**Problem description**
Look through the records below, and whenever a line contains "expandTags", copy it.

Stored data:
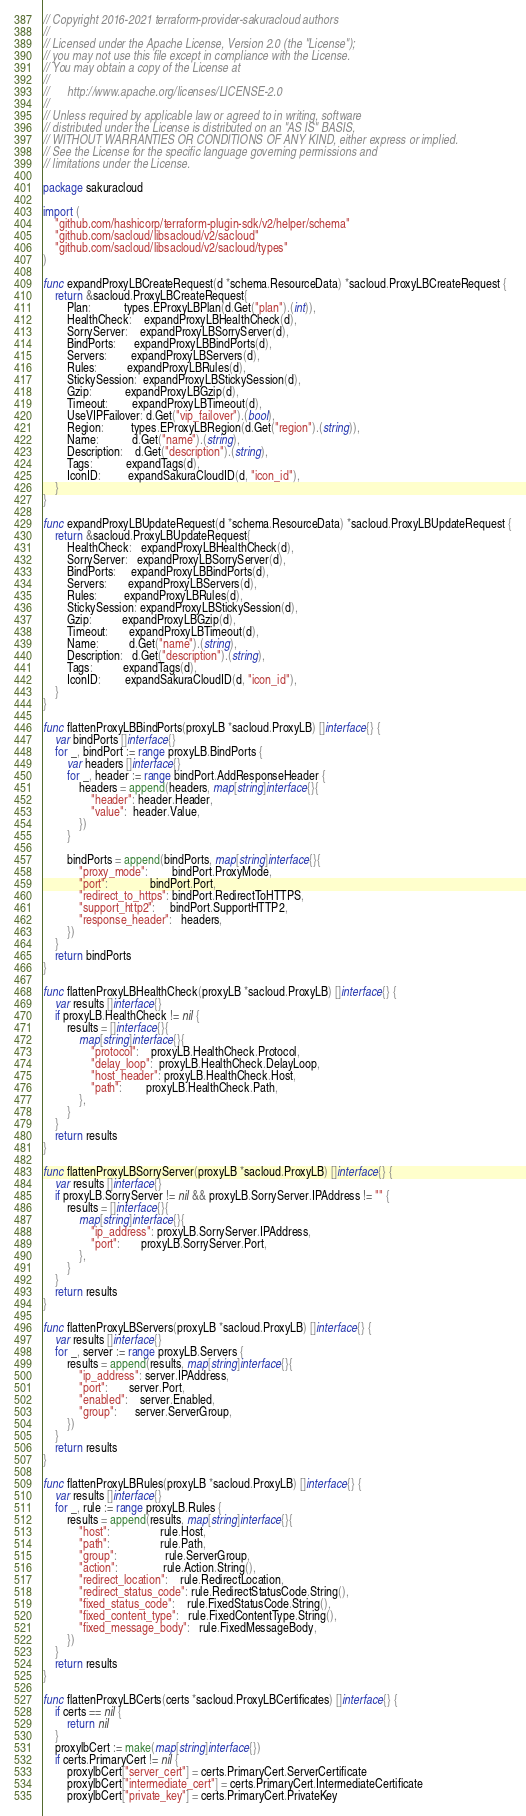<code> <loc_0><loc_0><loc_500><loc_500><_Go_>// Copyright 2016-2021 terraform-provider-sakuracloud authors
//
// Licensed under the Apache License, Version 2.0 (the "License");
// you may not use this file except in compliance with the License.
// You may obtain a copy of the License at
//
//      http://www.apache.org/licenses/LICENSE-2.0
//
// Unless required by applicable law or agreed to in writing, software
// distributed under the License is distributed on an "AS IS" BASIS,
// WITHOUT WARRANTIES OR CONDITIONS OF ANY KIND, either express or implied.
// See the License for the specific language governing permissions and
// limitations under the License.

package sakuracloud

import (
	"github.com/hashicorp/terraform-plugin-sdk/v2/helper/schema"
	"github.com/sacloud/libsacloud/v2/sacloud"
	"github.com/sacloud/libsacloud/v2/sacloud/types"
)

func expandProxyLBCreateRequest(d *schema.ResourceData) *sacloud.ProxyLBCreateRequest {
	return &sacloud.ProxyLBCreateRequest{
		Plan:           types.EProxyLBPlan(d.Get("plan").(int)),
		HealthCheck:    expandProxyLBHealthCheck(d),
		SorryServer:    expandProxyLBSorryServer(d),
		BindPorts:      expandProxyLBBindPorts(d),
		Servers:        expandProxyLBServers(d),
		Rules:          expandProxyLBRules(d),
		StickySession:  expandProxyLBStickySession(d),
		Gzip:           expandProxyLBGzip(d),
		Timeout:        expandProxyLBTimeout(d),
		UseVIPFailover: d.Get("vip_failover").(bool),
		Region:         types.EProxyLBRegion(d.Get("region").(string)),
		Name:           d.Get("name").(string),
		Description:    d.Get("description").(string),
		Tags:           expandTags(d),
		IconID:         expandSakuraCloudID(d, "icon_id"),
	}
}

func expandProxyLBUpdateRequest(d *schema.ResourceData) *sacloud.ProxyLBUpdateRequest {
	return &sacloud.ProxyLBUpdateRequest{
		HealthCheck:   expandProxyLBHealthCheck(d),
		SorryServer:   expandProxyLBSorryServer(d),
		BindPorts:     expandProxyLBBindPorts(d),
		Servers:       expandProxyLBServers(d),
		Rules:         expandProxyLBRules(d),
		StickySession: expandProxyLBStickySession(d),
		Gzip:          expandProxyLBGzip(d),
		Timeout:       expandProxyLBTimeout(d),
		Name:          d.Get("name").(string),
		Description:   d.Get("description").(string),
		Tags:          expandTags(d),
		IconID:        expandSakuraCloudID(d, "icon_id"),
	}
}

func flattenProxyLBBindPorts(proxyLB *sacloud.ProxyLB) []interface{} {
	var bindPorts []interface{}
	for _, bindPort := range proxyLB.BindPorts {
		var headers []interface{}
		for _, header := range bindPort.AddResponseHeader {
			headers = append(headers, map[string]interface{}{
				"header": header.Header,
				"value":  header.Value,
			})
		}

		bindPorts = append(bindPorts, map[string]interface{}{
			"proxy_mode":        bindPort.ProxyMode,
			"port":              bindPort.Port,
			"redirect_to_https": bindPort.RedirectToHTTPS,
			"support_http2":     bindPort.SupportHTTP2,
			"response_header":   headers,
		})
	}
	return bindPorts
}

func flattenProxyLBHealthCheck(proxyLB *sacloud.ProxyLB) []interface{} {
	var results []interface{}
	if proxyLB.HealthCheck != nil {
		results = []interface{}{
			map[string]interface{}{
				"protocol":    proxyLB.HealthCheck.Protocol,
				"delay_loop":  proxyLB.HealthCheck.DelayLoop,
				"host_header": proxyLB.HealthCheck.Host,
				"path":        proxyLB.HealthCheck.Path,
			},
		}
	}
	return results
}

func flattenProxyLBSorryServer(proxyLB *sacloud.ProxyLB) []interface{} {
	var results []interface{}
	if proxyLB.SorryServer != nil && proxyLB.SorryServer.IPAddress != "" {
		results = []interface{}{
			map[string]interface{}{
				"ip_address": proxyLB.SorryServer.IPAddress,
				"port":       proxyLB.SorryServer.Port,
			},
		}
	}
	return results
}

func flattenProxyLBServers(proxyLB *sacloud.ProxyLB) []interface{} {
	var results []interface{}
	for _, server := range proxyLB.Servers {
		results = append(results, map[string]interface{}{
			"ip_address": server.IPAddress,
			"port":       server.Port,
			"enabled":    server.Enabled,
			"group":      server.ServerGroup,
		})
	}
	return results
}

func flattenProxyLBRules(proxyLB *sacloud.ProxyLB) []interface{} {
	var results []interface{}
	for _, rule := range proxyLB.Rules {
		results = append(results, map[string]interface{}{
			"host":                 rule.Host,
			"path":                 rule.Path,
			"group":                rule.ServerGroup,
			"action":               rule.Action.String(),
			"redirect_location":    rule.RedirectLocation,
			"redirect_status_code": rule.RedirectStatusCode.String(),
			"fixed_status_code":    rule.FixedStatusCode.String(),
			"fixed_content_type":   rule.FixedContentType.String(),
			"fixed_message_body":   rule.FixedMessageBody,
		})
	}
	return results
}

func flattenProxyLBCerts(certs *sacloud.ProxyLBCertificates) []interface{} {
	if certs == nil {
		return nil
	}
	proxylbCert := make(map[string]interface{})
	if certs.PrimaryCert != nil {
		proxylbCert["server_cert"] = certs.PrimaryCert.ServerCertificate
		proxylbCert["intermediate_cert"] = certs.PrimaryCert.IntermediateCertificate
		proxylbCert["private_key"] = certs.PrimaryCert.PrivateKey</code> 
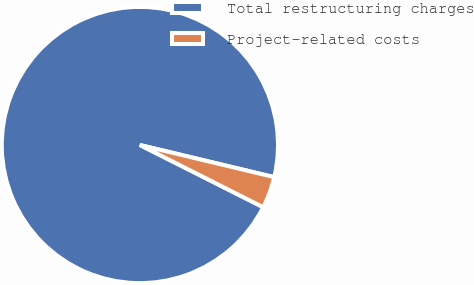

**Expected output**
		Tags:           expandTags(d),
		Tags:          expandTags(d),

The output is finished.